SPACENUM: Revisiting Spatial Numerical Understanding in VLMs

2026-05-22Artificial Intelligence

Artificial Intelligence
AI summary

The authors studied how well vision-language models (VLMs) understand numbers related to space, like coordinates or measurements, when these models interact with their environment. They created tests to see if models can connect spatial layouts and numerical information in both directions. Their findings show that current VLMs mostly guess numbers without truly understanding spatial relationships and rely on simple visual hints instead of deeper spatial reasoning. While fine-tuning helps a bit, these models still struggle to grasp structured spatial concepts from images. The authors suggest that improving numerical grounding in space remains a challenge for VLMs.
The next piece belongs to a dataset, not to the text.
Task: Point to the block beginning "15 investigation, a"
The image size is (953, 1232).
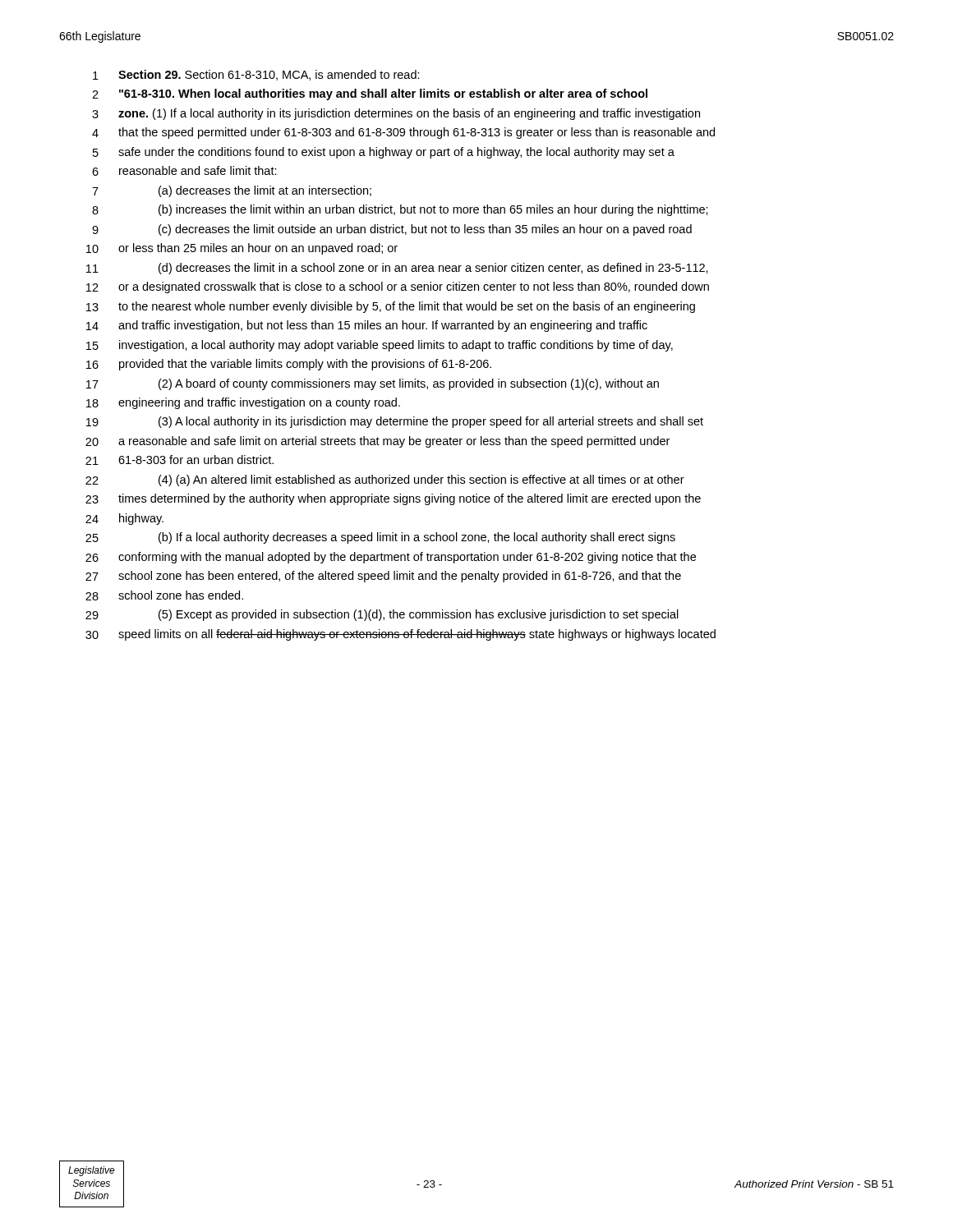Action: pyautogui.click(x=476, y=345)

Vision-Language ModelsSpatial numerical understandingEmbodied environmentsNum2SpaceSpace2NumSpatial reasoningCoordinate-aware representationsVisual groundingFine-tuningDynamic transitions
Authors
Jianshu Zhang, Yijiang Li, Huifeixin Chen, Haoran Lu, Letian Xue, Bingyang Wang, Han Liu
Abstract
Vision-Language Models (VLMs) are increasingly deployed in embodied environments, where they need produce numerical outputs such as action magnitudes and spatial coordinates. Although these numbers appear meaningful, it remains unclear whether these numerical outputs are genuinely grounded in spatial perception. Therefore, in this work, we revisit spatial numerical understanding through SpaceNum, a unified framework that captures two complementary settings: numbers as dynamic transitions during spatial exploration, and numbers as static layouts in spatial reasoning. We formulate two bidirectional tasks, Num2Space and Space2Num, to evaluate how well VLMs map between vision-side spatial structure and language-side numerical representations. We systematically study whether current VLMs truly understand numerical values in spatial settings. Across dynamic transitions and static layouts, we find that models largely fail to ground numbers in spatial meaning and often perform close to random guess. Through error analysis, reasoning trace analysis, and controlled interventions, we show that current VLMs rely heavily on shallow spatial cues, struggle to build stable coordinate-aware representations, and fail to abstract structured spatial layouts from visual observations. We further show that explicit reasoning provides only marginal gains, while tuning can partially improve spatial numerical understanding and transfer to external spatial reasoning benchmarks.